Blues and critters–the two come together for one night only at 7 p.m. Saturday at Summerland’s IOOF Hall when singer/songwriter Steve Rodgers takes the stage.
Rodgers, 47, son of legendary musician Paul Rodgers (Free, Bad Company, Queen) who lives in Summerland with his wife Cynthia Kereluk Rodgers, will be singing out in support of those who can’t speak for themselves.
Partial proceeds from the acoustic, lively evening of song, chat and a silent auction of some downright trippy rock memorabilia, will go to Critteraid, AlleyCATS Alliance and the SORCO Raptor Rehab Centre.
All three non-profit organizations are dear to the hearts of the Rodgers, causes they have been supporting since moving to the Okanagan over a decade ago.
Steve’s “bluesy, melodic” voice and story-telling ability has earned him high praise from other icons in the music business including Led Zeppelin’s Jimmy Page and Roger Taylor of Queen.
His long-awaited debut album, Head Up High which includes the singles I Will Grow and the title track, Head Up High, has been described as a “truly personal” experience.
“Now I’m ready for the second album, and that’s going to be great, so I’m going to try out a lot of new material this weekend,” said Rodgers. “It’s going to be a fun night.
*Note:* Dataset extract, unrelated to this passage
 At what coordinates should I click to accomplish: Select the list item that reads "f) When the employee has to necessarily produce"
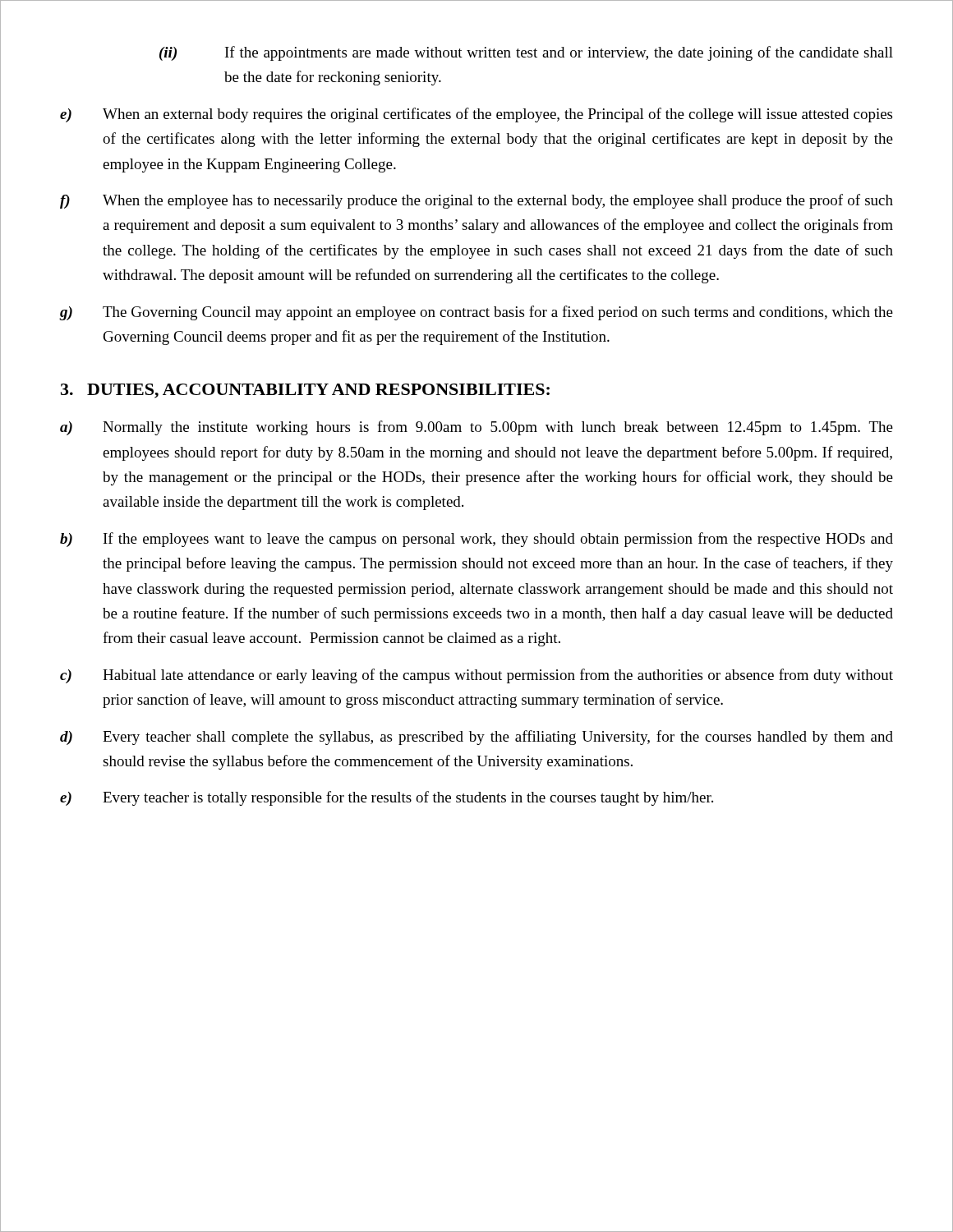[476, 238]

Usually what I do is a lot of banter with the audience, I like to connect with them and bring them into it. I have a question and answer section just for a laugh and the weirder they’re feeling, the better it is for me and it’s for a really great cause.”
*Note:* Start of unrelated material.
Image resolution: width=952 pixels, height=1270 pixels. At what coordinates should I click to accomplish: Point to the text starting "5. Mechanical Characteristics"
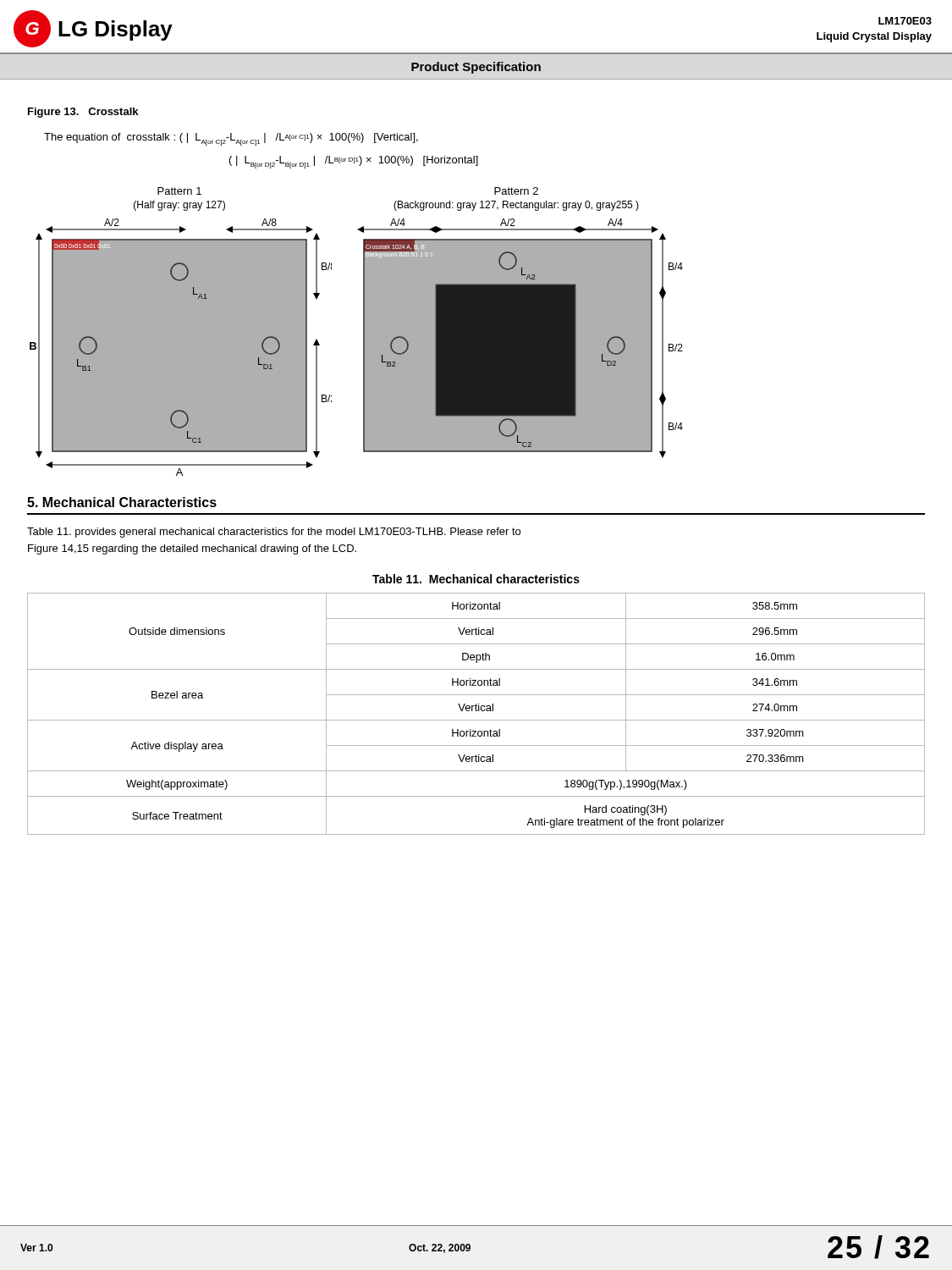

The depth of his music and heart-on-the-sleeve approach makes each show special.
“It just comes natural for me, it’s just kind of who I am,” said Rodgers, who stops for a moment to listen to his dad singing in the background. “The emotional side, that’s who I am.
“My songs come from a real place. They come from a place of pain or they come from a place of joy or enlightenment, so they’re all real things.”
Thinking about that he starts to laugh: “It’s actually quite funny, being a songwriter, even in your darkest moment you go ‘Oh, I wonder if this is a good hook for a song.’ You can’t help it, your brain is hardwired I guess.”
He recalled as a teenager growing up in England “immersing” himself is his dad’s extensive collection of blues vinyl records.
“After six months I just started to get depressed because I was listening to 40-year-old and 60-year-old men talking about really, really hard times that they had gone through but it all stuck with me, that way of telling a story, that feeling of honesty, the realness of it really came across,” said Rodgers, who also lists the Beatles as past and current influences in his musical journey.
Admittedly getting bored easily, he always looks to find new challenges on stage, which resulted in an incident at the famed Wembley Stadium.
“I think I was supporting my dad acoustically that time and Jimmy Page was on the sidelines and it was just me,” recalled Rodgers, explaining he launched into an a capella song, which he will also be performing at the Saturday concert. “I’d only written (the song) like two weeks before and played in a small pub in London to test it out and did it for the first time at Wembley. That was great.
“It’s all about testing yourself, really seeing what you can do and Saturday I’m going to be trying out some new tracks. It’s going to be fun, I can’t wait.”
Tickets are limited and are available at The Beanery Cafe in Summerland, 250-494-4072.